If an animal comes in with health issues, then the demand for volunteers increases because that animal needs more personal care as it recovers from its illness.

The downs of being a volunteer

For the three long-term volunteers, it is a very rewarding experience to see an animal go to a new home and live out a long and happy life, in a “forever home.” However, sometimes the path to get the animal there can be challenging, and for a volunteer, emotionally draining.

For the volunteers, Burbage said it isn’t all sunshine and roses. For example, it can be heart breaking to deal with the folks who are bringing their animals to the shelter. She reminded that these animals are not strays found roaming the streets. They are pets that someone loves, animals that have become a part of a family. There are reasons the family has to let the animal go, maybe a relocation where pets are not allowed, a health issue where the owner is no longer able to care for the pet, or some other extenuating circumstance. When they come to the shelter, these people are not happy to be doing what they are doing. They need assurances that they are doing what is right for the animal, and that the HSLC will take good care of their pet, and find it a very good home.

And, it isn’t easy to go into a home on a humane investigation and order the removal of an animal. Sometimes this is a child’s pet and the child too is being abused or neglected. The animal and the child may have a special bond, and there are separation issues for both.

Then, there are the times when a family comes and wants an animal, but they are unable to adopt. There is a screening process involved in adoption. This is done to assure that the animal is going to a safe home where it will not be abused, or neglected, but it also assures that the family is equipped to take on the responsibility of an animal.

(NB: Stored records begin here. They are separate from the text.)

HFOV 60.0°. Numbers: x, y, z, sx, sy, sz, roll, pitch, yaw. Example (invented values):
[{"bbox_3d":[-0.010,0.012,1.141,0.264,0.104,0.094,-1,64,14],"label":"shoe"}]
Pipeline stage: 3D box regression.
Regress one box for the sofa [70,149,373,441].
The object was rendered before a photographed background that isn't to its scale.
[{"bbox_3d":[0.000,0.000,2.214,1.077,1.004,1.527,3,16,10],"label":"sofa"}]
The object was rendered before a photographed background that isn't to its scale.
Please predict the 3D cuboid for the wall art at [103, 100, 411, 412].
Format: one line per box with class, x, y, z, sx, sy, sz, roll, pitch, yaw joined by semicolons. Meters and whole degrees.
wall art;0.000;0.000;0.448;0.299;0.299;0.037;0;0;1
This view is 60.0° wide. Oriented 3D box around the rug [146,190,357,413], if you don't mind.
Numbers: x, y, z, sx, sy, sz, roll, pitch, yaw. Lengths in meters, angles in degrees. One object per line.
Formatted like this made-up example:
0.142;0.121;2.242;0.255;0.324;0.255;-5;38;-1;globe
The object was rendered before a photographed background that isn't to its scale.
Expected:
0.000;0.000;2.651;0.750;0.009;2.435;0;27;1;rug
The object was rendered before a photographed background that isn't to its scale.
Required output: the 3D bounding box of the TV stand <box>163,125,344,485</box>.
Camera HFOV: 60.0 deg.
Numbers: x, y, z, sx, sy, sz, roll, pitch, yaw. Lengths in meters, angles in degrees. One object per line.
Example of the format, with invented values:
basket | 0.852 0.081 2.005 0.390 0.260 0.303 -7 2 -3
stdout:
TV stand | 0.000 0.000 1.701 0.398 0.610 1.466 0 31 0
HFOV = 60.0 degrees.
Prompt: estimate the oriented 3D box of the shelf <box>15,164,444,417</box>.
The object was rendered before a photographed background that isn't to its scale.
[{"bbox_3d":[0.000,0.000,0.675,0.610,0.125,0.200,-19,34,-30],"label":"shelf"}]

The bottom line, a family may want to be pet owners, but other circumstances may indicate that they are not a good fit for a specific animal or not a good candidate for any kind of animal. Telling someone that can be very difficult.

We appreciate all they do

Burbage began wrapping up talking about the volunteers, who have to face these scenarios and the others who give their talents in other areas. She commented, “I can’t say enough about how important our volunteers are and how much we appreciate what they do every day for HSLC."

For the many people around the county who love animals, and are pet parents, looking deep into the work of the HSLC, they can surely see that this is a worthwhile and important service offered in our community. But the HSLC only works because it is supported so well by the community and by its volunteers who ultimately become ambassadors for the program.

For those who have supported the HSLC through these first ten years, the organization wishes to send you a sincere and heartfelt “thank-you.” For those who continue to work and contribute financially, thank you.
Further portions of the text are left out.